According to a second aspect of the invention there is provided a method of forming templates for use in a speech recognition system, comprising the steps of providing a signal indicative of an expected noise level for a forthcoming signal and modifying a predetermined template according to the provided signal to provide a template having the expected noise level.

As will be further understood from the appended specification, most speech recognition systems suffer from a degraded operation in the presence of noise. This degradation is particularly severe when the templates have been derived from speech with little or no noise, or with a noise of different quality from that present when recognition is attempted. Previous methods of reducing this difficulty require the production of new templates in the presence of the new noise. This production necessitates the collection of new speech and noise.

In this particular system there is an analytical addition of noise to templates which permit an improved recognition probability thereby substantially improving the system performance, and it does not require collecting new speech for template generation.

In order that the invention and its various other preferred features may be understood more easily, some embodiments thereof will now be described, by way of example only with reference to the drawings, in which: Figure 1A is a block diagram showing a speech recognition system, using recognition parameters derived from spectra, employing the present invention, Figure 1B is a block diagram showing an alternative speech recognition system, using recognition parameters which are spectral in nature, employing the present invention.

Figure 2 is a detailed block diagram showing a technique employing the invention for forming operational template data, Figure 3 is a Table giving the definitions of various outputs indicated in Figure 2, Figure 4 is a detailed block diagram of an alternative embodiment of the invention, Figures 5A-5C are detailed flow charts depicting the operation of a speech and noise tracker operating in accordance with the invention, Figure 6 is a Table giving the definitions of engineering parameters shown in Figures 5A-5C.

The present invention applies to all recognition systems which use parameters which are, or are derived from those which are, spectral in nature.

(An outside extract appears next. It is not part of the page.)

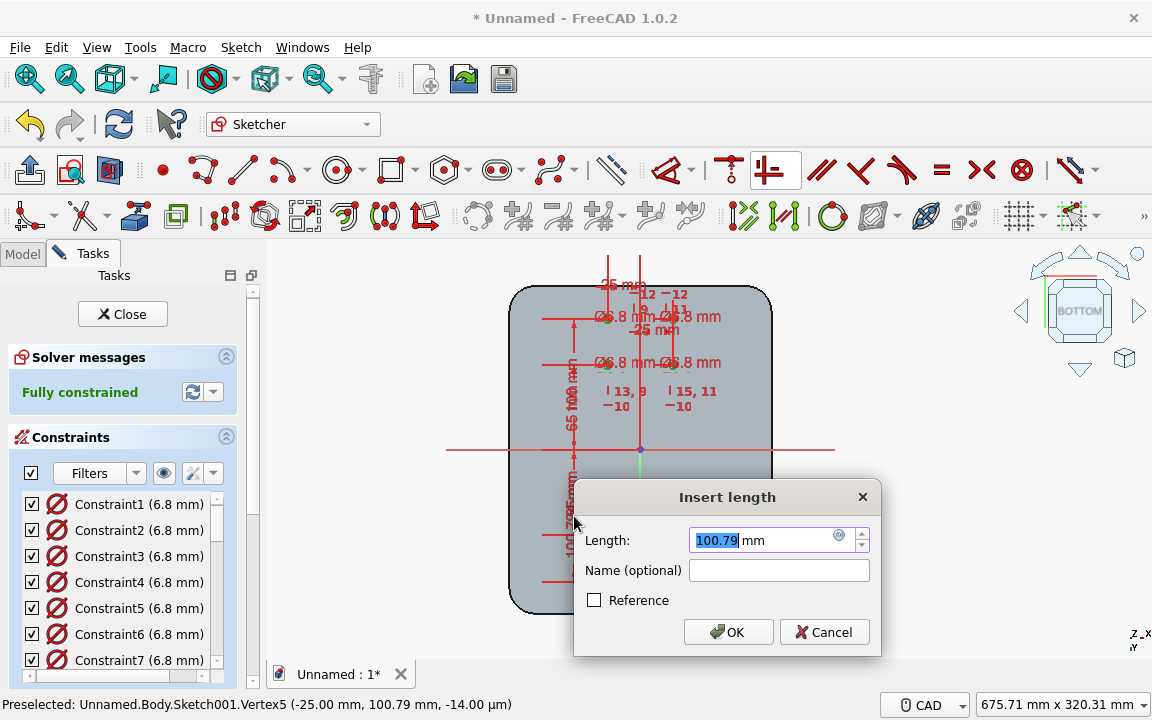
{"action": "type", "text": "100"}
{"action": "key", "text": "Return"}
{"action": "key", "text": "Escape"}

In the latter case it may be necessary to store templates in two forms: spectral for analytic addition of noise and operational templates.

Referring to Figure 1A, there is shown a block diagram of a speech recognition system operating in accordance with the invention using recognition parameters derived from spectra.

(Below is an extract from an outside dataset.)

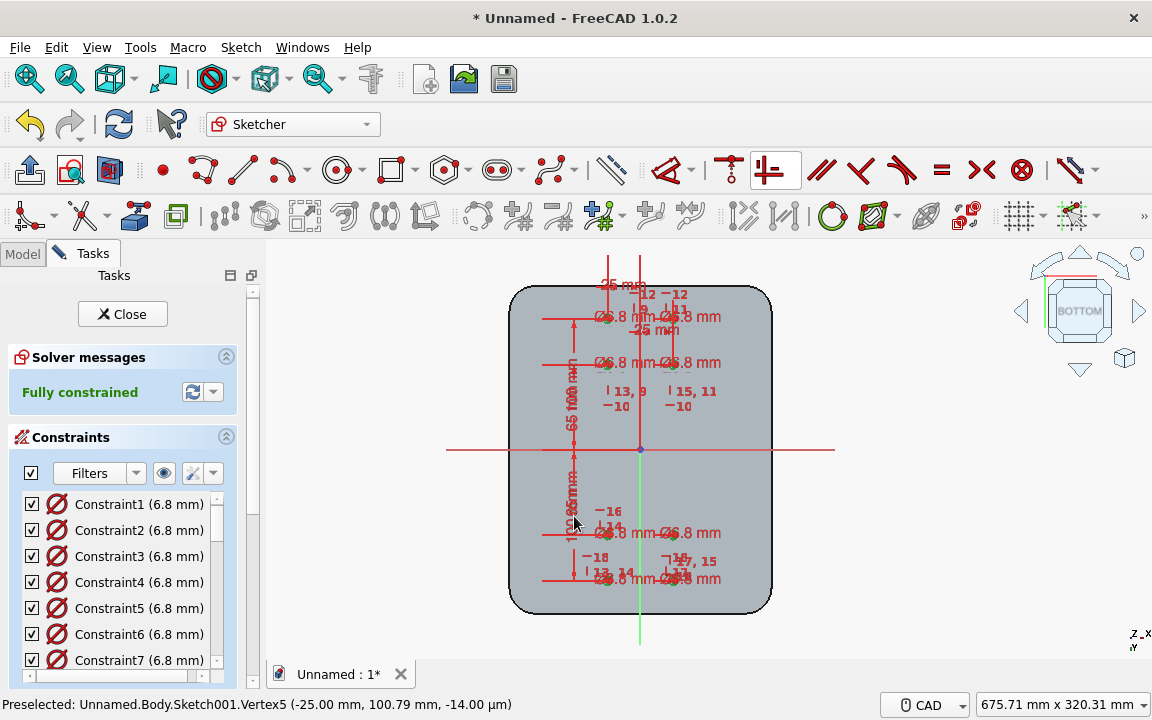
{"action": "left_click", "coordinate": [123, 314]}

A microphone 10, into which a speaker utilising the system speaks, conventionally converts sound waves into electrical signals which are amplified by means of an amplifier 11. The output of the amplifier 11 is coupled to a spectrum analyser 12.

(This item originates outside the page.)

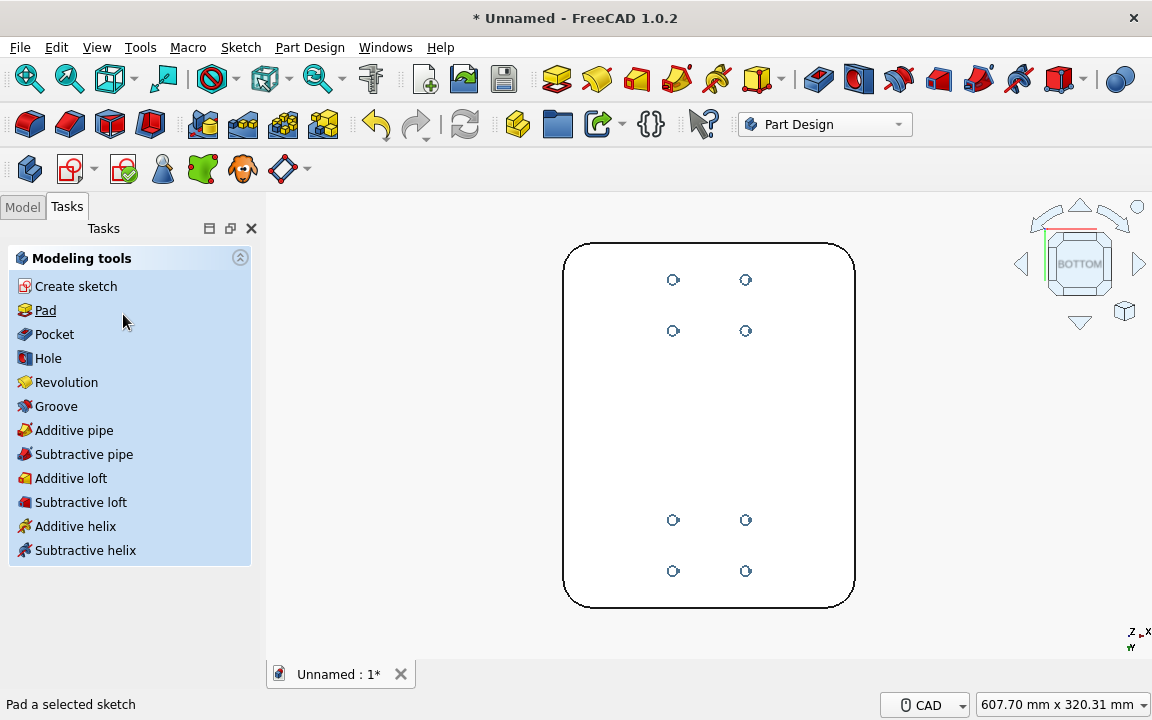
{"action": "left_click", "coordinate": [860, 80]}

The spectrym analyser may be a wide band or a narrow band type with a short term analysis capability. The function and structure of the spectrum analyser is essentially well known and can be implemented by a number of techniques.

The spectrum analyser operates to divide the speech into short frames and provides a parametric representation of each frame at its output. The particular type of acoustic analysis performed by the spectrum analyser is not critical to this invention and many known acoustic analysers or spectrum analysers may be employed. Examples of such are given in U.S. Patent Application Serial No.

439,018 filed on November 3, 1982 for G.Vensko et al. and Serial No. 473,422 filed on March 9, 1983 for G.Vensko et al. Both commonly assigned to ITT Corporation, the assignee herein, and incorporated herein by reference.

Reference is also made to U.S.Patent Application Serial No. 655,958 filed on September 28, 1984 for A.L.Higgins et al. and entitled KEYWORD RECOGNITION SYSTEM AND METHOD USING TEMPLATE CONCANTENATION MODEL.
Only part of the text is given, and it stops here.